Repeal by implication is never favored. This is especially true of a special statute where there is a subsequent general law, if the two can be reconciled or construed together. Elizabethtown & P. R. Co. v. Trustees of Elizabethtown, 12 Bush, 233; Com. v. Weller, 14 Bush. 218, [29 Am. R.. 407].
Under this rule, the provision quoted from appellee’s charter was not repealed by this statute. The purpose of the Legislature in adopting the statute seems to have been to define the duties of the board of public works, not to enlarge the rights of the city. This board was not created *759till a few years ago. It was created to discharge certain duties theretofore imposed on other municipal officers. The statute quoted was intended to give them control over the subjects named, to the exclusion of the other city authorities: but it does not seem to have been intended to confer upon the city any power not already possessed. It would hardly be contended that the board of public works, under this section, could, as to wells, cisterns, streams, canals, or water courses, exercise any more authority than the city possessed under the previous statute, or that they could interfere with the rights of others in these things if the city had not that right before this statute was passed. The streets can not be distinguished from the other things named in the statute; and we do not think the Leg-, islature, in passing it, had in mind the making of any change in the rights of others under existing laws. The “using of all streets” referred to in the statute are the ordinary uses of the highways such as the city had then jurisdiction over. It can not be presumed that the Legislature intended by such provision to take from appellee a right conferred by its charter, and so long exercised with the acquiescence of the city, which was important, and might be essential to the proper discharge of the duties, laid upon it.

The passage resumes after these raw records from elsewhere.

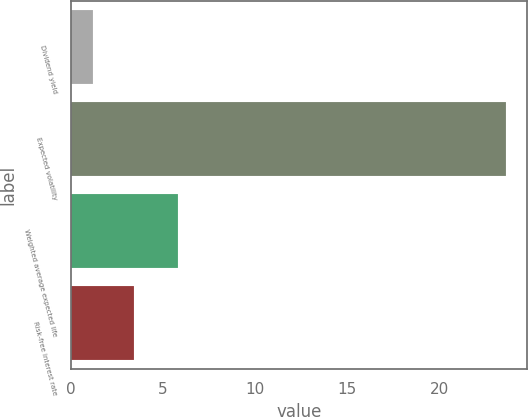Convert chart to OTSL. <chart><loc_0><loc_0><loc_500><loc_500><bar_chart><fcel>Dividend yield<fcel>Expected volatility<fcel>Weighted average expected life<fcel>Risk-free interest rate<nl><fcel>1.2<fcel>23.6<fcel>5.8<fcel>3.44<nl></chart> 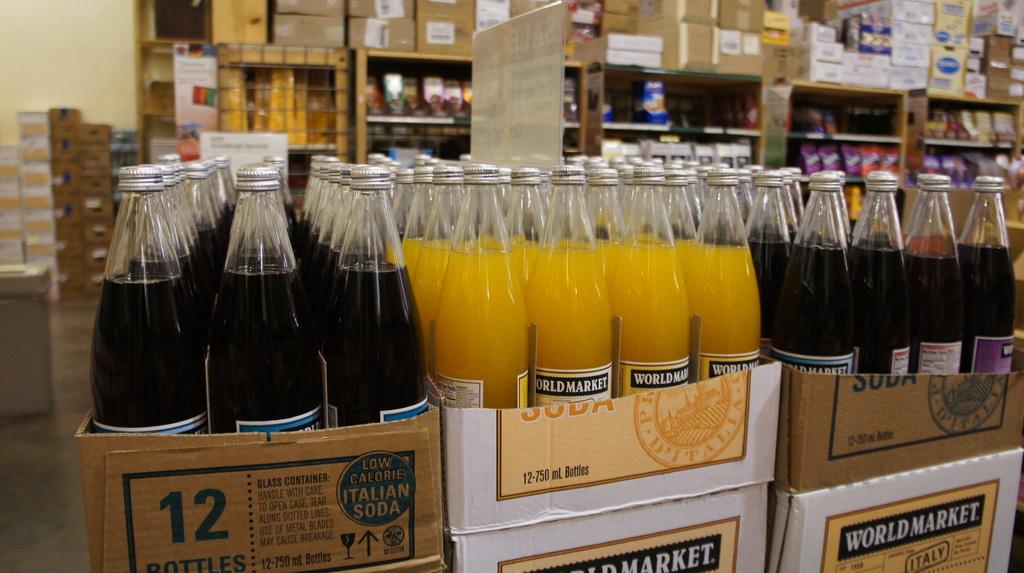How many bottles are in the left box?
Make the answer very short. 12. What market is mentioned on the box?
Ensure brevity in your answer.  World market. 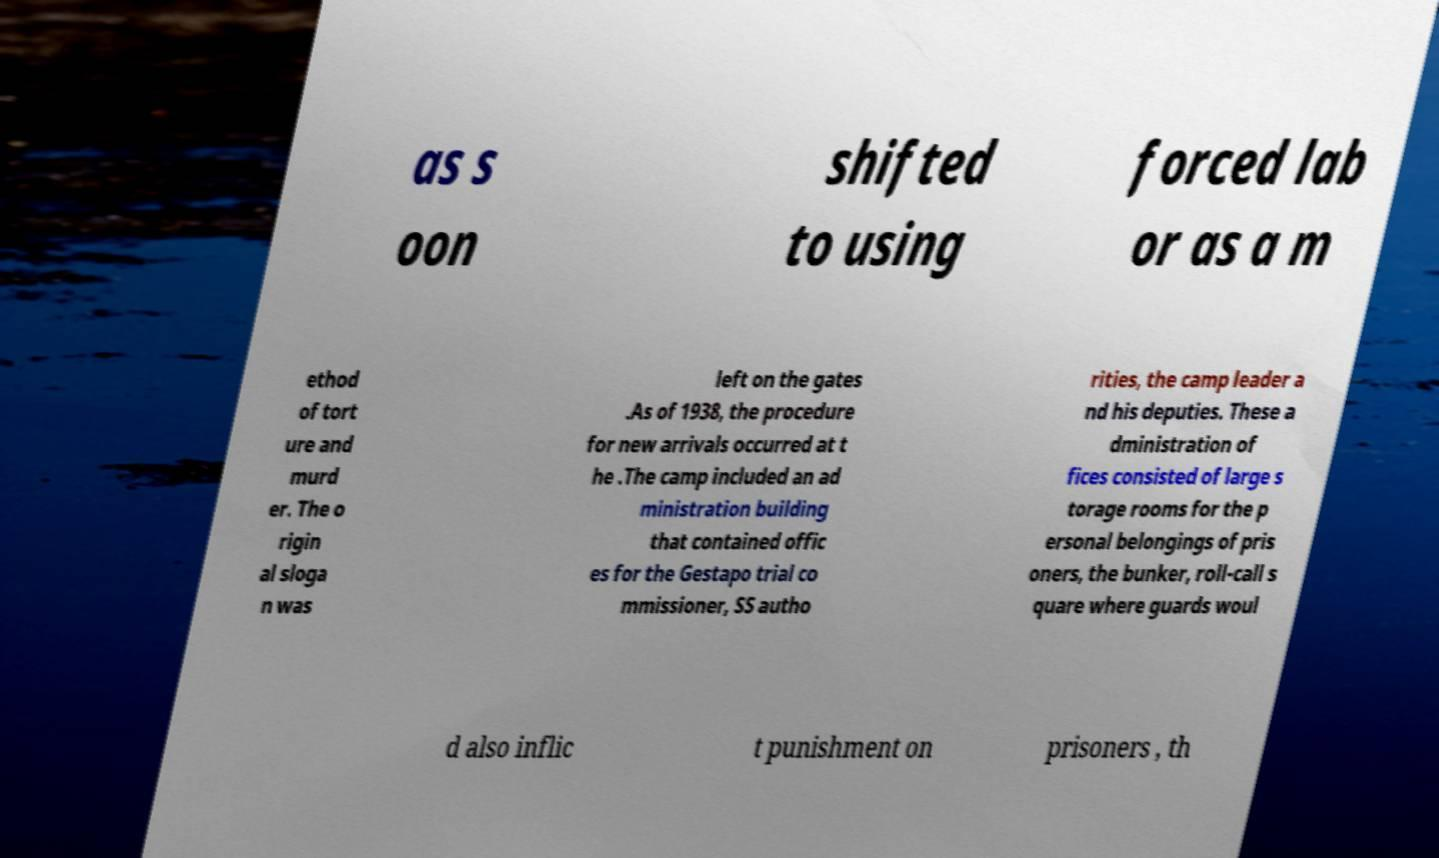What messages or text are displayed in this image? I need them in a readable, typed format. as s oon shifted to using forced lab or as a m ethod of tort ure and murd er. The o rigin al sloga n was left on the gates .As of 1938, the procedure for new arrivals occurred at t he .The camp included an ad ministration building that contained offic es for the Gestapo trial co mmissioner, SS autho rities, the camp leader a nd his deputies. These a dministration of fices consisted of large s torage rooms for the p ersonal belongings of pris oners, the bunker, roll-call s quare where guards woul d also inflic t punishment on prisoners , th 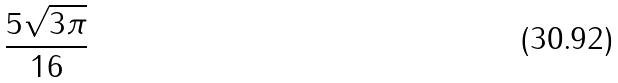Convert formula to latex. <formula><loc_0><loc_0><loc_500><loc_500>\frac { 5 \sqrt { 3 \pi } } { 1 6 }</formula>

In the discharge of these duties, as was well said by the learned chancellor in the judgment appealed from, appellee is required to lay its mains in the streets in a reasonable way, so as not unreasonably to obstruct the city in the exercise of its police powers. It must leave the street in as good condition as it was before the removal of the earth or pavements; and it must not unreasonably obstruct the highway. If it fails in any of its duties, it is liable to damages. The judgment is affirmed.